AADs are frequently mistaken for other etiologies that cause chest pain, the most common being acute coronary syndromes. The incidence of initial miss diagnosis is up to 40% and may be more common when the ascending aorta is involved [12,13]. Errors in diagnosis delay proper treatment and can lead to inappropriate therapies (e.g., antithrombotic agents), which increases the risk of complications. This results in administration of aspirin and other antiplatelets and is associated with major bleeding and greater in-hospital mortality [2]. It also protends an increased risk of a hemorrhagic pericardial effusion, which we presume happened in case no. 2.

Tamponade resulting from pericardial effusion has been reported in 18.7% of the patients with Stanford type A AAD with worse outcomes [14]. The proposed mechanism is the transudation of fluid across the thin wall of the false aortic lumen into the pericardial space. More rarely, the dissected aorta ruptures directly into the pericardium, leading to rapid tamponade physiology.
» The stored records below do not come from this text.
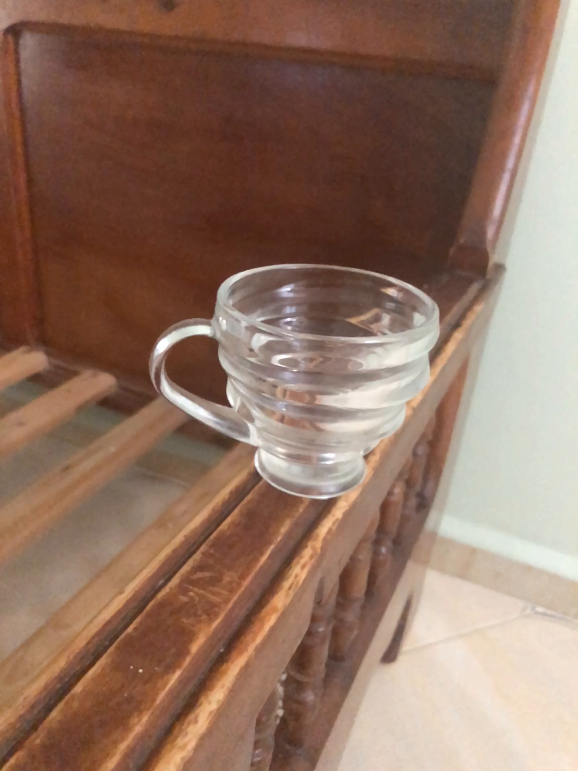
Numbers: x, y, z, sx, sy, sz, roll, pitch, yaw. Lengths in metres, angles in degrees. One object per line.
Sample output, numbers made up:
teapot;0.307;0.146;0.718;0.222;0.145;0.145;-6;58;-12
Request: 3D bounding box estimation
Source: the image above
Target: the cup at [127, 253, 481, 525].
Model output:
cup;0.003;-0.002;0.240;0.105;0.065;0.076;4;27;-1
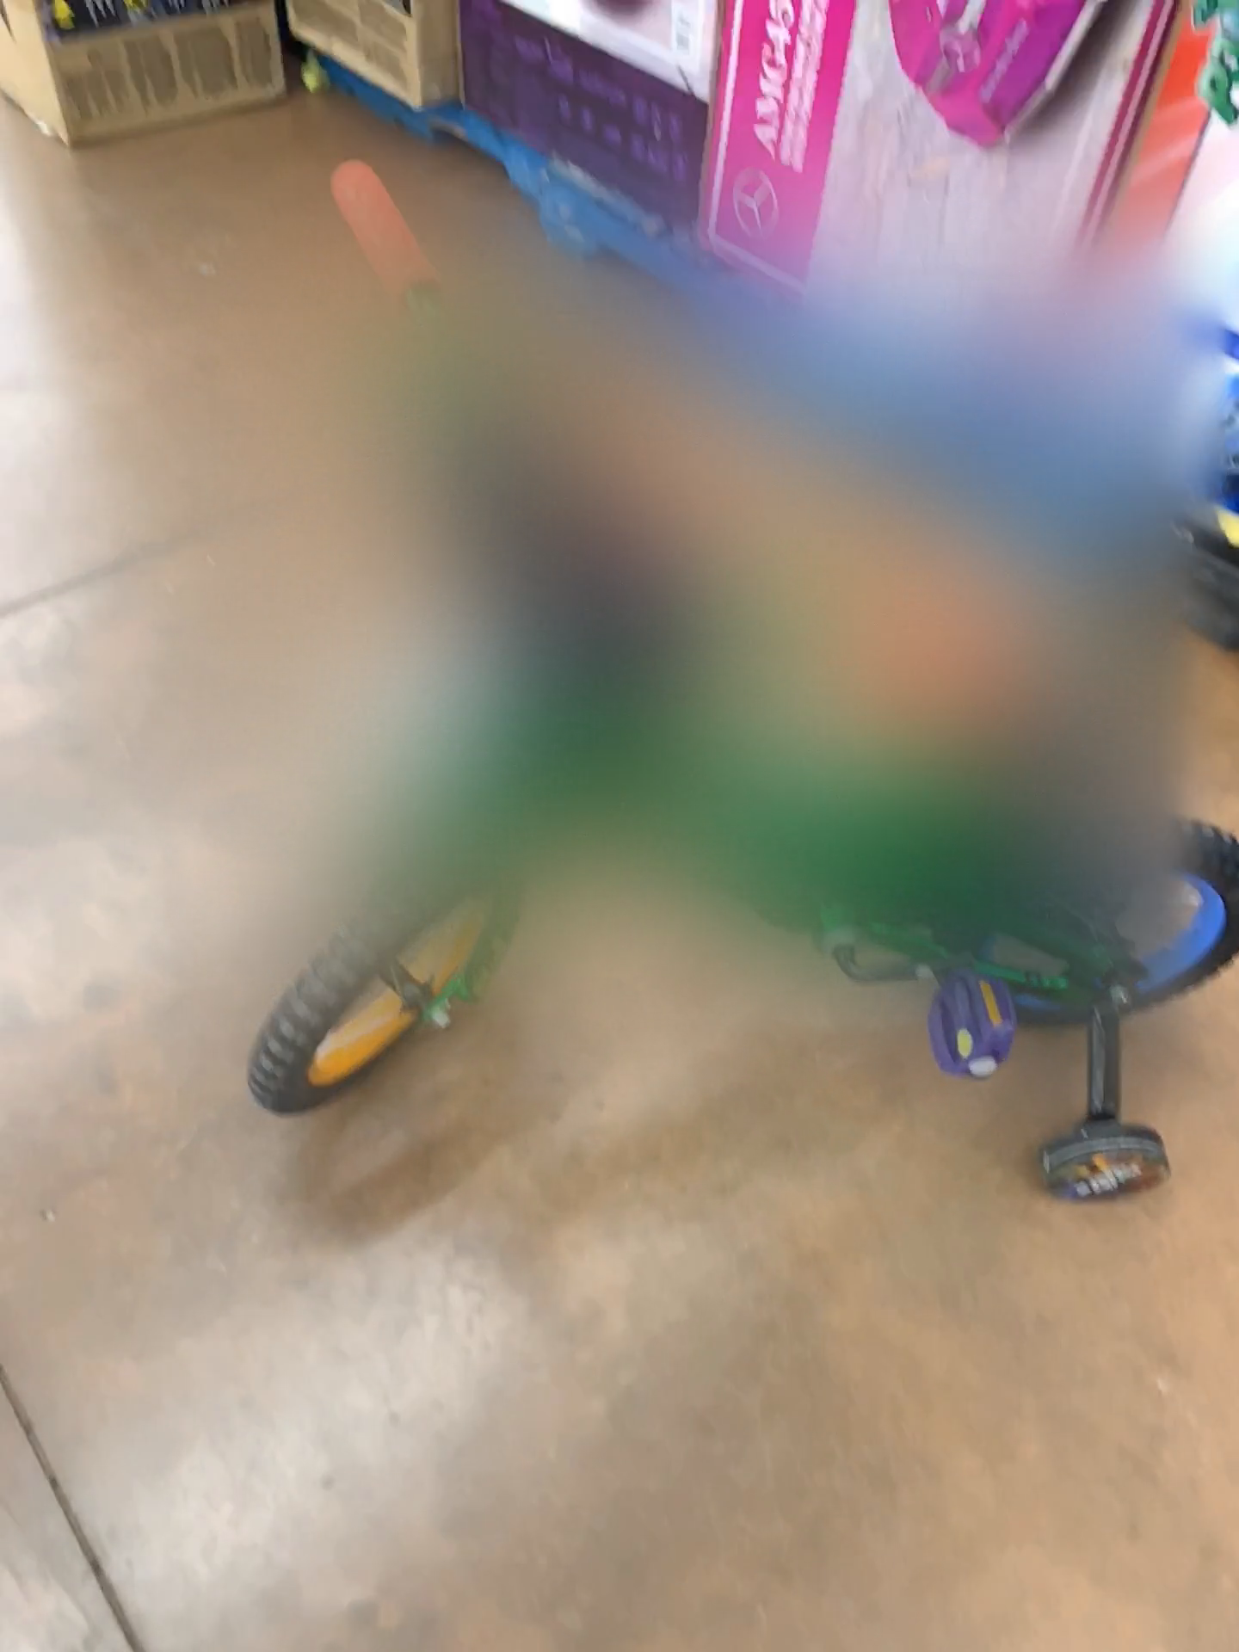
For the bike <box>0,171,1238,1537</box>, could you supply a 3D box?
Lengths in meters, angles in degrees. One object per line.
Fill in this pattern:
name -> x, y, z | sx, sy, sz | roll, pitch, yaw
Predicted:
bike -> 0.158, 0.024, 0.854 | 0.829, 0.678, 0.533 | -4, 49, -9
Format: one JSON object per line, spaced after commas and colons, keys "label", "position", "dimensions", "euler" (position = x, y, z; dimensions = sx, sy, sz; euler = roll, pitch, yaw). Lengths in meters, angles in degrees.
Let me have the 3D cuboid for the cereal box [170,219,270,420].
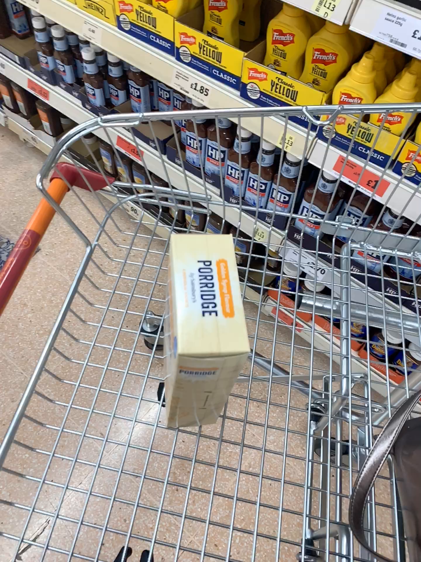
{"label": "cereal box", "position": [-0.004, 0.052, 0.462], "dimensions": [0.070, 0.208, 0.131], "euler": [-1, 57, -8]}
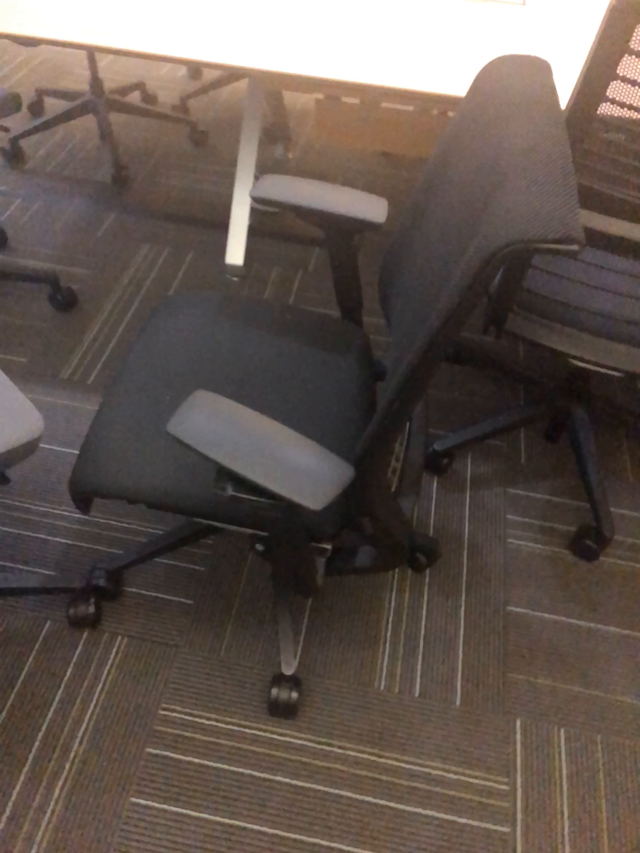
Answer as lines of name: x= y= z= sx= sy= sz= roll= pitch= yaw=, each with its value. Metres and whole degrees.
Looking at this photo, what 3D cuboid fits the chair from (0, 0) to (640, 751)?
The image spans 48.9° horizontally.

Urgent direct aortic repair together with intraoperative pericardial draining is the recommended treatment approach for these patients [15]. Preoperative controlled pericardiocentsis can be lifesaving when managing patients with critical cardiac tamponade complicating acute Stanford type A AAD, especially when cardiac surgery is not immediately available [16].

Conclusions

AAD remains a diagnostic challenge for the physicians mainly due to its relatively low frequency and wide range of clinical presentations. It most often mimics acute coronary syndrome, subsequently leading to potentially hazardous management approaches and disastrous consequences. The definite diagnosis relies on imaging studies to define the aortic abnormality, classify the location and extent, and identify any anatomic complications. A crucial aspect of early therapy is ensuring a correct diagnosis so that an appropriate management scheme can be instituted in a timely fashion.